Fear not, comrades, just as soon as the revolution is concluded, then you may enjoy sexual images. We promise. Just not before.
posted by ThatFuzzyBastard at 2:54 PM on May 15, 2013


Drawing attention in a light-hearted fashion to double standards in workplace wall art ≠ Stalinism.
posted by running order squabble fest at 3:04 PM on May 15, 2013 [13 favorites]


ThatFuzzyBastard: "Fear not, comrades, just as soon as the revolution is concluded, then you may enjoy sexual images. We promise. Just not before."

Right, because anyone in this thread has said that we don't want people to enjoy sexual images. It's about situation and context.
posted by Drexen at 3:17 PM on May 15, 2013 [5 favorites]


TFB: You write like someone who doesn't think that all the fucking effort everyone is making to make the world less oppressive isn't actually, well, kind of making the world less oppressive.

Basically, you are the first to introduce the somewhat fraught concept of "revolution" in a conversation that's not about that. No one is talking down reform and talking up revolution here, as far as I can tell, and pretending that we are is more than a little bit lazy.

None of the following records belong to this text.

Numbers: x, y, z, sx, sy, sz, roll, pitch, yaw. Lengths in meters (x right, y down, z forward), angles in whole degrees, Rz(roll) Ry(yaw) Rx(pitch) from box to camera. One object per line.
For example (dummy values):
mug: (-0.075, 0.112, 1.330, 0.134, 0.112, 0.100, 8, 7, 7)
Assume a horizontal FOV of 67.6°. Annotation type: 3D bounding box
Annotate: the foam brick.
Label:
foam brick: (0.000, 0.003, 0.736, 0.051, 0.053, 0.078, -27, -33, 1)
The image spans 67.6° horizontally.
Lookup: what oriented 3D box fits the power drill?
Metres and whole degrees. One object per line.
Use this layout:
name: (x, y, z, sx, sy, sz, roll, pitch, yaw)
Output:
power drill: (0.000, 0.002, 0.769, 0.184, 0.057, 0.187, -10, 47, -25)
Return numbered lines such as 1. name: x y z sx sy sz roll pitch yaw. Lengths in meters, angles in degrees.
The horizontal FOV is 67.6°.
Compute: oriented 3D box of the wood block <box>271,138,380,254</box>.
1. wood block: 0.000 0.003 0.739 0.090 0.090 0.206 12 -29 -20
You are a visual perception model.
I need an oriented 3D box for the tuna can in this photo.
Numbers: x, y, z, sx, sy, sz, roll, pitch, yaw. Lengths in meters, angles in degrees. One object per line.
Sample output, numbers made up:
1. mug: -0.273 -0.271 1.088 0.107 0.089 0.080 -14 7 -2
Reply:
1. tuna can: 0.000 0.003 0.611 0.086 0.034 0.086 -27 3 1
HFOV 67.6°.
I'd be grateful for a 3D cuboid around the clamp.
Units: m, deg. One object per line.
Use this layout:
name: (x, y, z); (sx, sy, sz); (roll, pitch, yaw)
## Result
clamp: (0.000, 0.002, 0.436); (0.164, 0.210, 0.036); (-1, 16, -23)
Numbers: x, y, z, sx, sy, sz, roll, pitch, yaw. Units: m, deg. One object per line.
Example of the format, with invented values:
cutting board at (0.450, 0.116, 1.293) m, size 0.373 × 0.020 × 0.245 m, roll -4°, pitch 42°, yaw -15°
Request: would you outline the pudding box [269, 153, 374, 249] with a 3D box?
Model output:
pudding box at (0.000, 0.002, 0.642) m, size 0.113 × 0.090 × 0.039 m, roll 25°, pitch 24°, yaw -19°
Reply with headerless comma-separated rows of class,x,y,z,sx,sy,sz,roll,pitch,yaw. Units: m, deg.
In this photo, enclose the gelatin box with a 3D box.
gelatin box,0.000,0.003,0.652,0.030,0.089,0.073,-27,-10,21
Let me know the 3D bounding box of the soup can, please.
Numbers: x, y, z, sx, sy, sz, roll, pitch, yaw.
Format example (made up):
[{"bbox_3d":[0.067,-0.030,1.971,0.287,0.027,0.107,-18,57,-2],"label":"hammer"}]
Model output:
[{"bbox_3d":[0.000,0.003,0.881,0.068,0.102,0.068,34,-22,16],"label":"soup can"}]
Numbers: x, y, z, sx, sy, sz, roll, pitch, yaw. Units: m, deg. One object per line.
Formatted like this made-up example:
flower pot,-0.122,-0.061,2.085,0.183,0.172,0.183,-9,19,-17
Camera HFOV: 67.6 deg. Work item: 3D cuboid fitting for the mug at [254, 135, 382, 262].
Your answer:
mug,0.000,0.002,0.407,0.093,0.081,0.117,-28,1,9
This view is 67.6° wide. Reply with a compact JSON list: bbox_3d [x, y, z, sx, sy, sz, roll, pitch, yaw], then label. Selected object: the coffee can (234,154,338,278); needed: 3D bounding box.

Wait. Why are you claiming that we're unrealistic quasi-soviet revolutionaries, anyway? I mean, I'm unrealistic and quasi-soviet up to here (I have, in public, made the argument that breadlines are better than capitalism) but I'm just not seeing it. No one is claiming that we have to wait until The Revolution or The Final Defeat of Rape Culture and The Patriarchy or whatever in order to have sexy sexy funtimes.

Except for you. Why are you claiming this?
posted by You Can't Tip a Buick at 4:32 PM on May 15, 2013 [2 favorites]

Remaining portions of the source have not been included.